Give back the full listing exactly as it appears below.

--- Information Enclosed Below ---

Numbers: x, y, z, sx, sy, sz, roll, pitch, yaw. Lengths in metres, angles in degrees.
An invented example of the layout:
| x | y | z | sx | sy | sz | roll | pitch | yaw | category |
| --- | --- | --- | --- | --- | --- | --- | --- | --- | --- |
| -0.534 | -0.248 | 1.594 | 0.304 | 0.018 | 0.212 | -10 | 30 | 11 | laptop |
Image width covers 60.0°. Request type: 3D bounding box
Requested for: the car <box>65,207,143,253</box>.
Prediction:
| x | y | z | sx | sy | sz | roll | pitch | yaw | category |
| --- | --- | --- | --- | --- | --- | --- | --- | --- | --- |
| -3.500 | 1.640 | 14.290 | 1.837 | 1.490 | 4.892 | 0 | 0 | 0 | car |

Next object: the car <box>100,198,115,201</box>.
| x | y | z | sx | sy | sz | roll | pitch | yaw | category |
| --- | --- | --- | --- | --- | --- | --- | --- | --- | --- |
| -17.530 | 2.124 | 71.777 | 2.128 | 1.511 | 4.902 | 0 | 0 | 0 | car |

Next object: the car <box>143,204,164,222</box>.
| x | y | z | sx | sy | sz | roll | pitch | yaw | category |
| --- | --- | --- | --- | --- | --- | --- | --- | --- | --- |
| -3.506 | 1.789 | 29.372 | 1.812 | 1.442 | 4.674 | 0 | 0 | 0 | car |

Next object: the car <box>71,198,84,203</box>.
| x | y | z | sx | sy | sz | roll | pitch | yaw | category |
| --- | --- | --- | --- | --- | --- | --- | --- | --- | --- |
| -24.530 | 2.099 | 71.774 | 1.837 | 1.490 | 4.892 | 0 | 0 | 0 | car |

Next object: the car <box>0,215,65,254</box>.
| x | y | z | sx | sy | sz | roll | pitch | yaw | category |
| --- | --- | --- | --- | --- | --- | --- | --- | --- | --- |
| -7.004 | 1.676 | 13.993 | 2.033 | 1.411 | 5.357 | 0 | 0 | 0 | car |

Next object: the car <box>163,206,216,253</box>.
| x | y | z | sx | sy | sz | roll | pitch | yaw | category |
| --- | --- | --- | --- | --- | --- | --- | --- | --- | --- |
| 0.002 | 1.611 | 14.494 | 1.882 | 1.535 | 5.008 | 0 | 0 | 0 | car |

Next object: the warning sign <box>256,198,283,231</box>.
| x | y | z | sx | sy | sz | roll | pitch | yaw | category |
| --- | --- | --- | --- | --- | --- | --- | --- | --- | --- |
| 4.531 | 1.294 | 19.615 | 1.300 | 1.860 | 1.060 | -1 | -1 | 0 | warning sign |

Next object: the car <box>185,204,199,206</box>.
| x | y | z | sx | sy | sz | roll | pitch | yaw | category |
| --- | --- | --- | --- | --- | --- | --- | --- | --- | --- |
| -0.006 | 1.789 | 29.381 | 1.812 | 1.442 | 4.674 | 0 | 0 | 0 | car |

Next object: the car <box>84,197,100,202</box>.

--- End of Enclosed Information ---

Task result:
Numbers: x, y, z, sx, sy, sz, roll, pitch, yaw. Lengths in metres, angles in degrees.
An invented example of the layout:
| x | y | z | sx | sy | sz | roll | pitch | yaw | category |
| --- | --- | --- | --- | --- | --- | --- | --- | --- | --- |
| -0.534 | -0.248 | 1.594 | 0.304 | 0.018 | 0.212 | -10 | 30 | 11 | laptop |
Image width covers 60.0°. Request type: 3D bounding box
Requested for: the car <box>65,207,143,253</box>.
Prediction:
| x | y | z | sx | sy | sz | roll | pitch | yaw | category |
| --- | --- | --- | --- | --- | --- | --- | --- | --- | --- |
| -3.500 | 1.640 | 14.290 | 1.837 | 1.490 | 4.892 | 0 | 0 | 0 | car |

Next object: the car <box>100,198,115,201</box>.
| x | y | z | sx | sy | sz | roll | pitch | yaw | category |
| --- | --- | --- | --- | --- | --- | --- | --- | --- | --- |
| -17.530 | 2.124 | 71.777 | 2.128 | 1.511 | 4.902 | 0 | 0 | 0 | car |

Next object: the car <box>143,204,164,222</box>.
| x | y | z | sx | sy | sz | roll | pitch | yaw | category |
| --- | --- | --- | --- | --- | --- | --- | --- | --- | --- |
| -3.506 | 1.789 | 29.372 | 1.812 | 1.442 | 4.674 | 0 | 0 | 0 | car |

Next object: the car <box>71,198,84,203</box>.
| x | y | z | sx | sy | sz | roll | pitch | yaw | category |
| --- | --- | --- | --- | --- | --- | --- | --- | --- | --- |
| -24.530 | 2.099 | 71.774 | 1.837 | 1.490 | 4.892 | 0 | 0 | 0 | car |

Next object: the car <box>0,215,65,254</box>.
| x | y | z | sx | sy | sz | roll | pitch | yaw | category |
| --- | --- | --- | --- | --- | --- | --- | --- | --- | --- |
| -7.004 | 1.676 | 13.993 | 2.033 | 1.411 | 5.357 | 0 | 0 | 0 | car |

Next object: the car <box>163,206,216,253</box>.
| x | y | z | sx | sy | sz | roll | pitch | yaw | category |
| --- | --- | --- | --- | --- | --- | --- | --- | --- | --- |
| 0.002 | 1.611 | 14.494 | 1.882 | 1.535 | 5.008 | 0 | 0 | 0 | car |

Next object: the warning sign <box>256,198,283,231</box>.
| x | y | z | sx | sy | sz | roll | pitch | yaw | category |
| --- | --- | --- | --- | --- | --- | --- | --- | --- | --- |
| 4.531 | 1.294 | 19.615 | 1.300 | 1.860 | 1.060 | -1 | -1 | 0 | warning sign |

Next object: the car <box>185,204,199,206</box>.
| x | y | z | sx | sy | sz | roll | pitch | yaw | category |
| --- | --- | --- | --- | --- | --- | --- | --- | --- | --- |
| -0.006 | 1.789 | 29.381 | 1.812 | 1.442 | 4.674 | 0 | 0 | 0 | car |

Next object: the car <box>84,197,100,202</box>.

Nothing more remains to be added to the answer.